Task objective:
Find the lines of the material below that include the string "eerste", then copy each one.

Dataset extract:
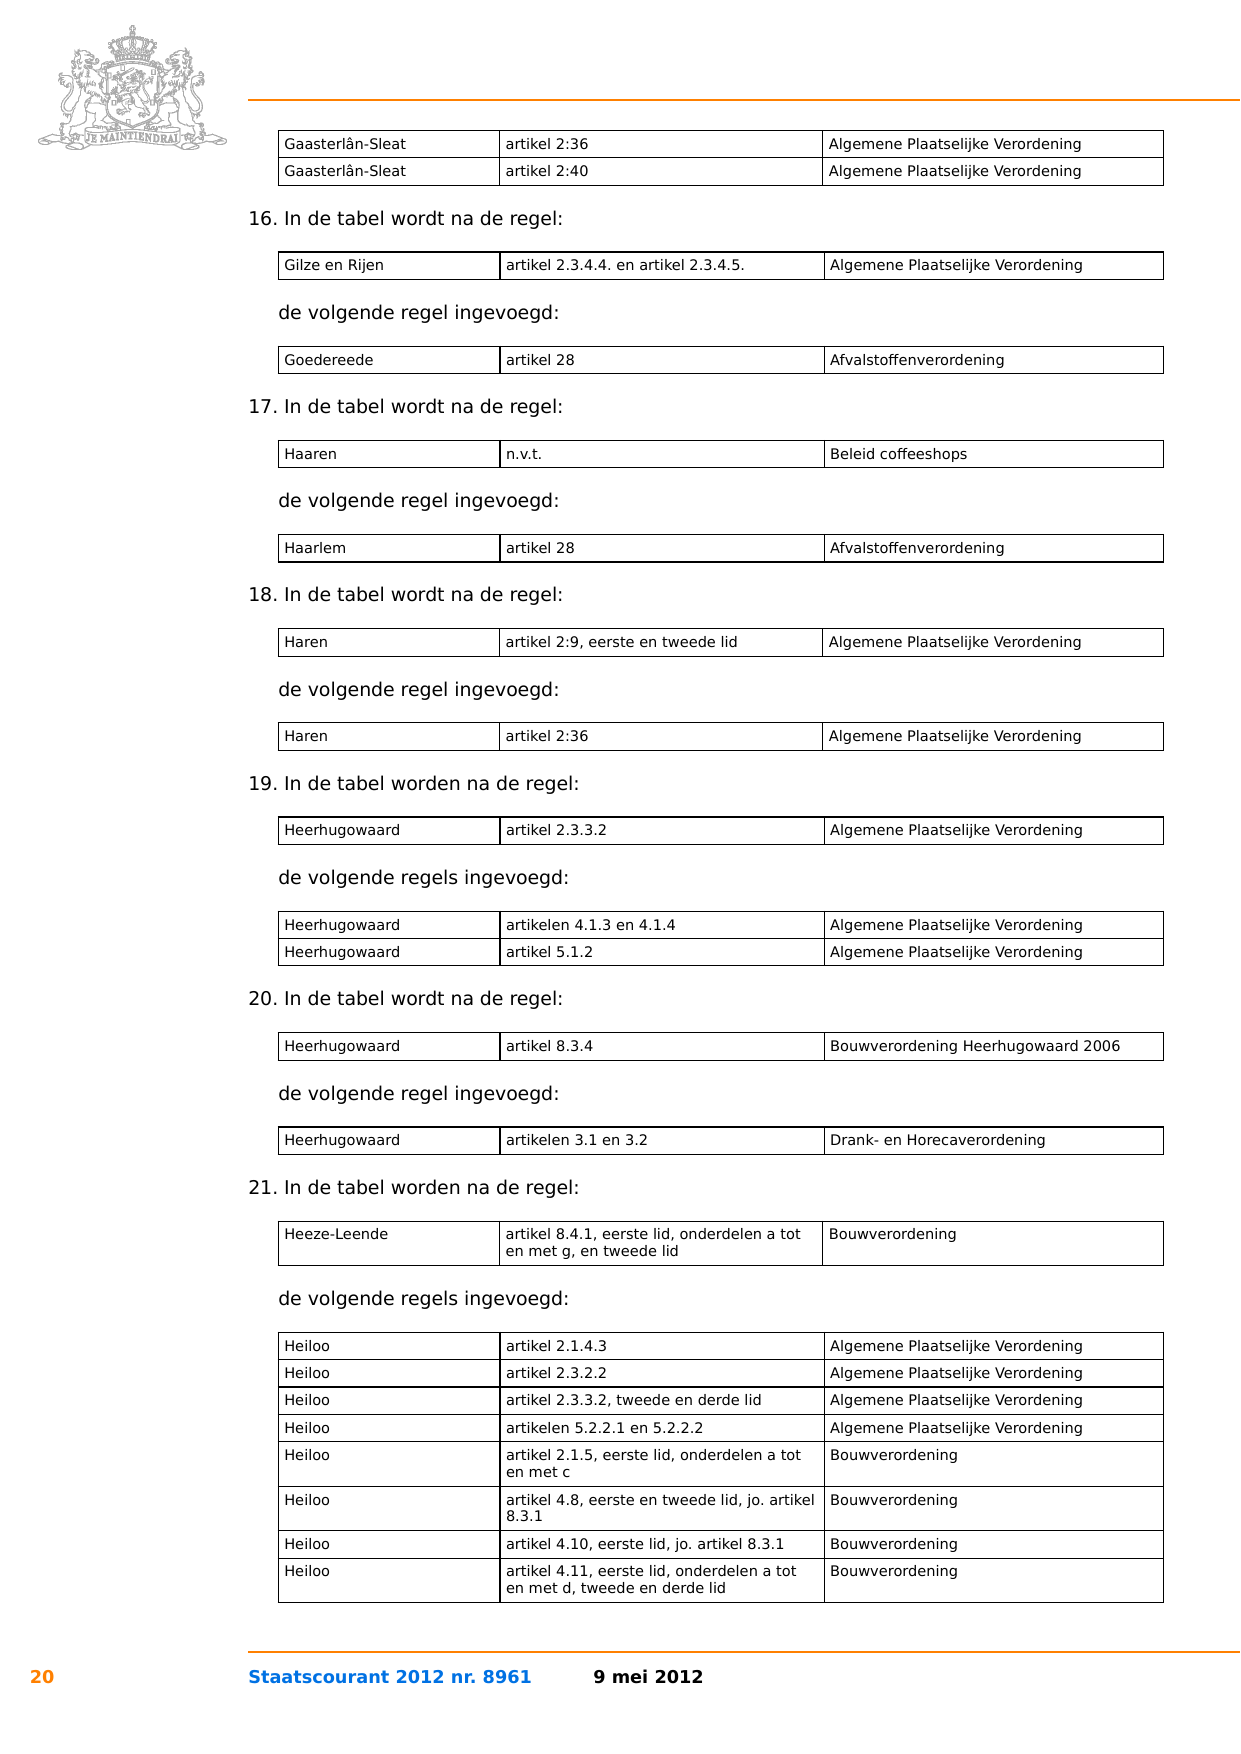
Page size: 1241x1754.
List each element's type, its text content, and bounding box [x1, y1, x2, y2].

table_header artikel 2:36 [500, 723, 822, 750]
table_header artikel 8.4.1, eerste lid, onderdelen a tot en met g, en tweede lid [500, 1222, 822, 1265]
text 18. In de tabel wordt na de regel: [248, 584, 1163, 606]
table_cell Heerhugowaard [279, 939, 499, 965]
table_header Heerhugowaard [279, 1128, 499, 1154]
table_cell artikel 2:40 [500, 158, 822, 185]
table_header Algemene Plaatselijke Verordening [825, 253, 1163, 279]
text 17. In de tabel wordt na de regel: [248, 396, 1163, 418]
table_header artikelen 3.1 en 3.2 [501, 1128, 824, 1154]
table_header Heerhugowaard [279, 1033, 499, 1059]
text de volgende regels ingevoegd: [278, 1288, 1163, 1310]
table_cell Heiloo [279, 1531, 499, 1557]
table_header Afvalstoffenverordening [825, 535, 1163, 561]
text 16. In de tabel wordt na de regel: [248, 208, 1163, 229]
table_header artikel 2.1.4.3 [501, 1333, 824, 1359]
table_cell Heiloo [279, 1442, 499, 1486]
table_cell Algemene Plaatselijke Verordening [825, 939, 1163, 965]
table_header artikel 28 [501, 347, 824, 373]
table_header artikel 2.3.3.2 [501, 818, 824, 844]
table_cell Bouwverordening [825, 1442, 1163, 1486]
table_cell Heiloo [279, 1388, 499, 1414]
text 21. In de tabel worden na de regel: [248, 1177, 1163, 1199]
table_header Algemene Plaatselijke Verordening [825, 1333, 1163, 1359]
table_cell artikel 4.11, eerste lid, onderdelen a tot en met d, tweede en derde lid [501, 1559, 824, 1602]
table_header Heerhugowaard [279, 912, 499, 938]
table_header Haren [279, 629, 499, 656]
table_cell Heiloo [279, 1559, 499, 1602]
table_header Heeze-Leende [279, 1222, 499, 1265]
table_header Heiloo [279, 1333, 499, 1359]
table_header Haren [279, 723, 499, 750]
table_cell Heiloo [279, 1487, 499, 1530]
table_cell artikel 2.3.3.2, tweede en derde lid [501, 1388, 824, 1414]
table_cell Algemene Plaatselijke Verordening [825, 1360, 1163, 1386]
table_cell Bouwverordening [825, 1487, 1163, 1530]
table_cell Bouwverordening [825, 1559, 1163, 1602]
table_header Gilze en Rijen [279, 253, 499, 279]
table_header artikel 2.3.4.4. en artikel 2.3.4.5. [501, 253, 824, 279]
table_header Heerhugowaard [279, 818, 499, 844]
table_cell artikel 2.1.5, eerste lid, onderdelen a tot en met c [501, 1442, 824, 1486]
table_header artikelen 4.1.3 en 4.1.4 [501, 912, 824, 938]
table_cell Heiloo [279, 1415, 499, 1441]
table_header Haarlem [279, 535, 499, 561]
picture [38, 25, 227, 150]
table_header Goedereede [279, 347, 499, 373]
table_header Algemene Plaatselijke Verordening [823, 723, 1163, 750]
table_header Algemene Plaatselijke Verordening [823, 629, 1163, 656]
text de volgende regels ingevoegd: [278, 867, 1163, 889]
table_header Haaren [279, 441, 499, 467]
table_header artikel 28 [501, 535, 824, 561]
text de volgende regel ingevoegd: [278, 1082, 1163, 1104]
table_cell Bouwverordening [825, 1531, 1163, 1557]
table_cell Heiloo [279, 1360, 499, 1386]
table_cell Gaasterlân-Sleat [279, 158, 499, 185]
table_header Algemene Plaatselijke Verordening [825, 912, 1163, 938]
table_cell artikelen 5.2.2.1 en 5.2.2.2 [501, 1415, 824, 1441]
table_header Beleid coffeeshops [825, 441, 1163, 467]
table_header artikel 2:9, eerste en tweede lid [500, 629, 822, 656]
table_header Algemene Plaatselijke Verordening [825, 818, 1163, 844]
table_header Algemene Plaatselijke Verordening [823, 131, 1163, 157]
table_header Bouwverordening [823, 1222, 1163, 1265]
table_header Afvalstoffenverordening [825, 347, 1163, 373]
text 19. In de tabel worden na de regel: [248, 773, 1163, 794]
table_cell Algemene Plaatselijke Verordening [825, 1388, 1163, 1414]
table_header Drank- en Horecaverordening [825, 1128, 1163, 1154]
table_cell Algemene Plaatselijke Verordening [823, 158, 1163, 185]
table_cell artikel 5.1.2 [501, 939, 824, 965]
text de volgende regel ingevoegd: [278, 490, 1163, 512]
table_cell artikel 4.10, eerste lid, jo. artikel 8.3.1 [501, 1531, 824, 1557]
table_header n.v.t. [501, 441, 824, 467]
text de volgende regel ingevoegd: [278, 302, 1163, 324]
text 20. In de tabel wordt na de regel: [248, 988, 1163, 1010]
table_cell Algemene Plaatselijke Verordening [825, 1415, 1163, 1441]
table_header artikel 8.3.4 [501, 1033, 824, 1059]
table_cell artikel 2.3.2.2 [501, 1360, 824, 1386]
table_header artikel 2:36 [500, 131, 822, 157]
text de volgende regel ingevoegd: [278, 678, 1163, 700]
table_cell artikel 4.8, eerste en tweede lid, jo. artikel 8.3.1 [501, 1487, 824, 1530]
table_header Gaasterlân-Sleat [279, 131, 499, 157]
table_header Bouwverordening Heerhugowaard 2006 [825, 1033, 1163, 1059]

Answer box:
table_header artikel 8.4.1, eerste lid, onderdelen a tot en met g, en tweede lid [500, 1222, 822, 1265]
table_cell artikel 4.11, eerste lid, onderdelen a tot en met d, tweede en derde lid [501, 1559, 824, 1602]
table_cell artikel 2.1.5, eerste lid, onderdelen a tot en met c [501, 1442, 824, 1486]
table_header artikel 2:9, eerste en tweede lid [500, 629, 822, 656]
table_cell artikel 4.10, eerste lid, jo. artikel 8.3.1 [501, 1531, 824, 1557]
table_cell artikel 4.8, eerste en tweede lid, jo. artikel 8.3.1 [501, 1487, 824, 1530]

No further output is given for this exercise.